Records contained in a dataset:

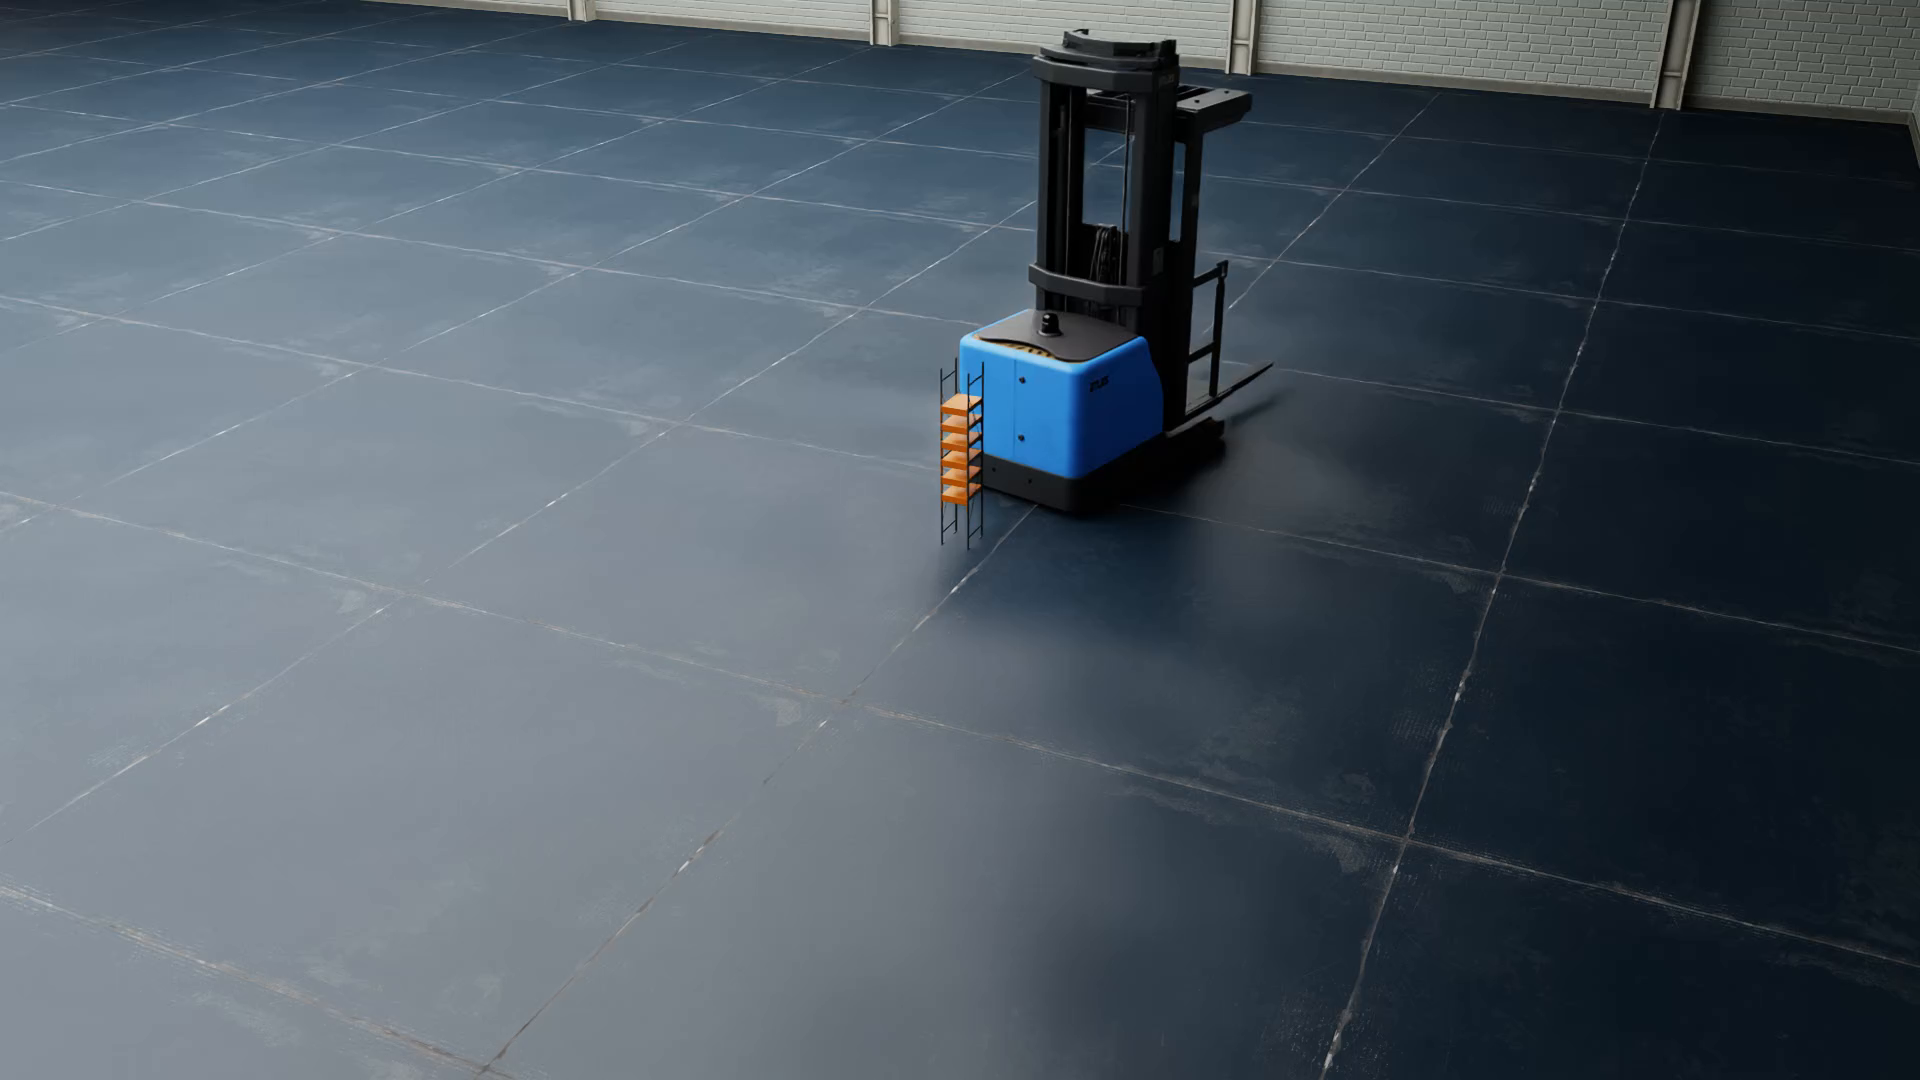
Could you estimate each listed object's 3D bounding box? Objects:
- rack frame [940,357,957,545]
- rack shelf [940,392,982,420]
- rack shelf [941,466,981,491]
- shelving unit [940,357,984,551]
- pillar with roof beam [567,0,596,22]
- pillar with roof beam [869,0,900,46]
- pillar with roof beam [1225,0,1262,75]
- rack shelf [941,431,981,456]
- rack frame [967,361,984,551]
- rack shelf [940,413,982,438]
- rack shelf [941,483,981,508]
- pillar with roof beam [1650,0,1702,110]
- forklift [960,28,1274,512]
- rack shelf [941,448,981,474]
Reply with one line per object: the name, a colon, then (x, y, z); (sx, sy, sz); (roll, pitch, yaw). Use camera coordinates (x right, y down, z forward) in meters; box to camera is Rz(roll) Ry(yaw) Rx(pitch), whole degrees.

• _EXERCISE DIRECTIONS_: In the entries above, find the line holding "- rack frame [967,361,984,551]" and the line holding "- rack shelf [941,448,981,474]", then retype exactly those two lines and every line between them, and nothing else.

• _WRITTEN SOLUTION_:
- rack frame [967,361,984,551]
- rack shelf [940,413,982,438]
- rack shelf [941,483,981,508]
- pillar with roof beam [1650,0,1702,110]
- forklift [960,28,1274,512]
- rack shelf [941,448,981,474]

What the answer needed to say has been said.